À l’approche des élections municipales des 15 et 22 mars, les Guadeloupéens s’apprêtent à choisir leurs édiles locaux dans un climat politique qui, paradoxalement, laisse de côté une question pourtant centrale : celle de l’avenir économique et financier de la France et de ses conséquences directes sur la Guadeloupe.
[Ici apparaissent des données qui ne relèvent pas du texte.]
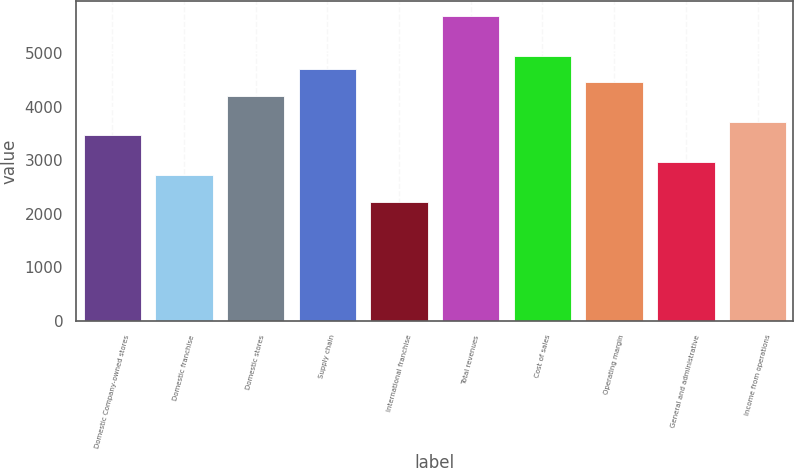Convert chart to OTSL. <chart><loc_0><loc_0><loc_500><loc_500><bar_chart><fcel>Domestic Company-owned stores<fcel>Domestic franchise<fcel>Domestic stores<fcel>Supply chain<fcel>International franchise<fcel>Total revenues<fcel>Cost of sales<fcel>Operating margin<fcel>General and administrative<fcel>Income from operations<nl><fcel>3461.36<fcel>2719.79<fcel>4202.93<fcel>4697.31<fcel>2225.41<fcel>5686.07<fcel>4944.5<fcel>4450.12<fcel>2966.98<fcel>3708.55<nl></chart> 
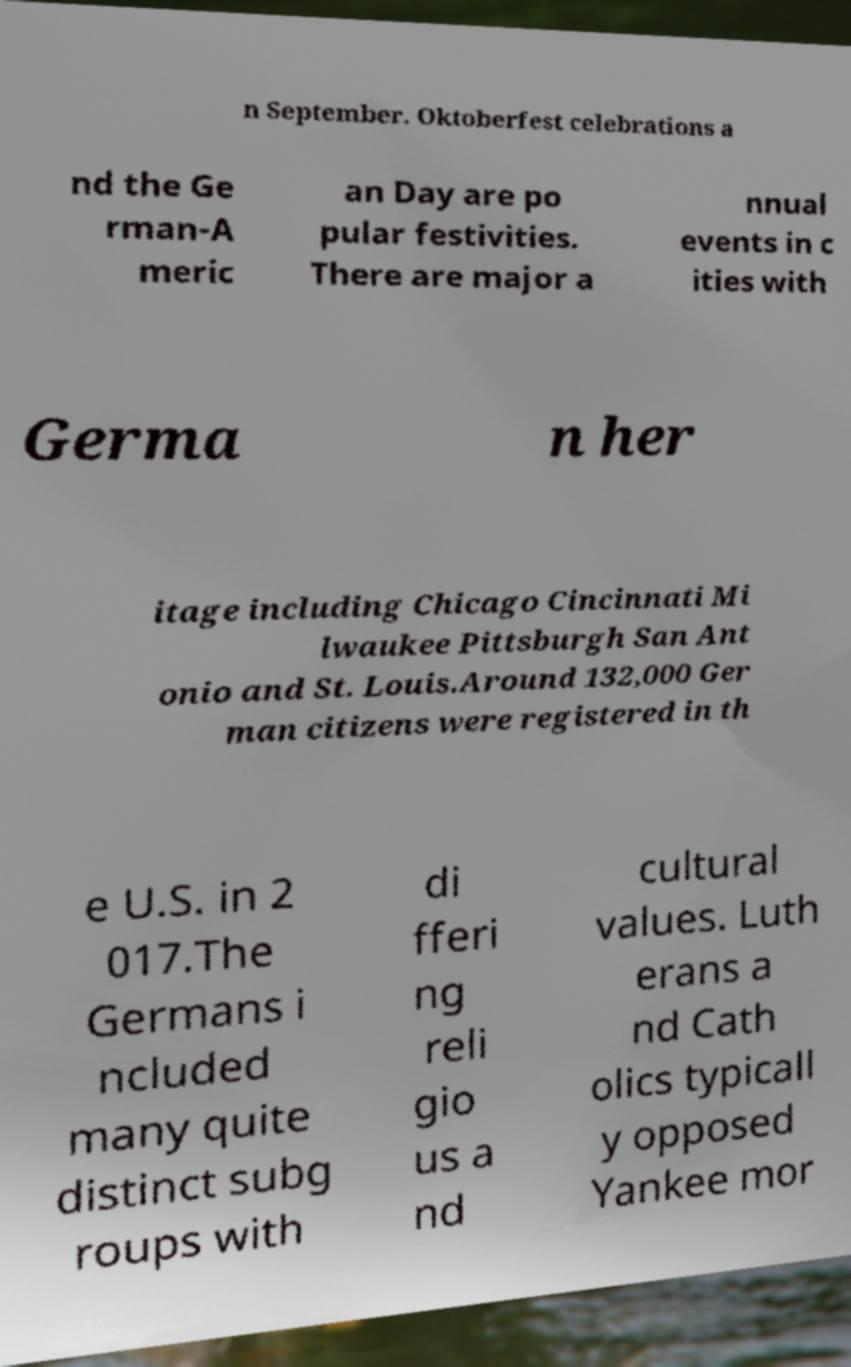For documentation purposes, I need the text within this image transcribed. Could you provide that? n September. Oktoberfest celebrations a nd the Ge rman-A meric an Day are po pular festivities. There are major a nnual events in c ities with Germa n her itage including Chicago Cincinnati Mi lwaukee Pittsburgh San Ant onio and St. Louis.Around 132,000 Ger man citizens were registered in th e U.S. in 2 017.The Germans i ncluded many quite distinct subg roups with di fferi ng reli gio us a nd cultural values. Luth erans a nd Cath olics typicall y opposed Yankee mor

La campagne électorale, officiellement ouverte début mars, se focalise sur des enjeux de proximité, des promesses de gestion communale et des rivalités de personnes, sans jamais réellement interroger la future trajectoire globale du pays auquel la Guadeloupe est institutionnellement, financièrement et socialement arrimée.

Or, pour un territoire ultramarin largement dépendant des subventions publiques, des transferts publics et sociaux, de la solidarité nationale et des choix budgétaires de l’État, l’évolution de la situation française devrait constituer une préoccupation majeure, tant pour la classe politique locale que pour les électeurs.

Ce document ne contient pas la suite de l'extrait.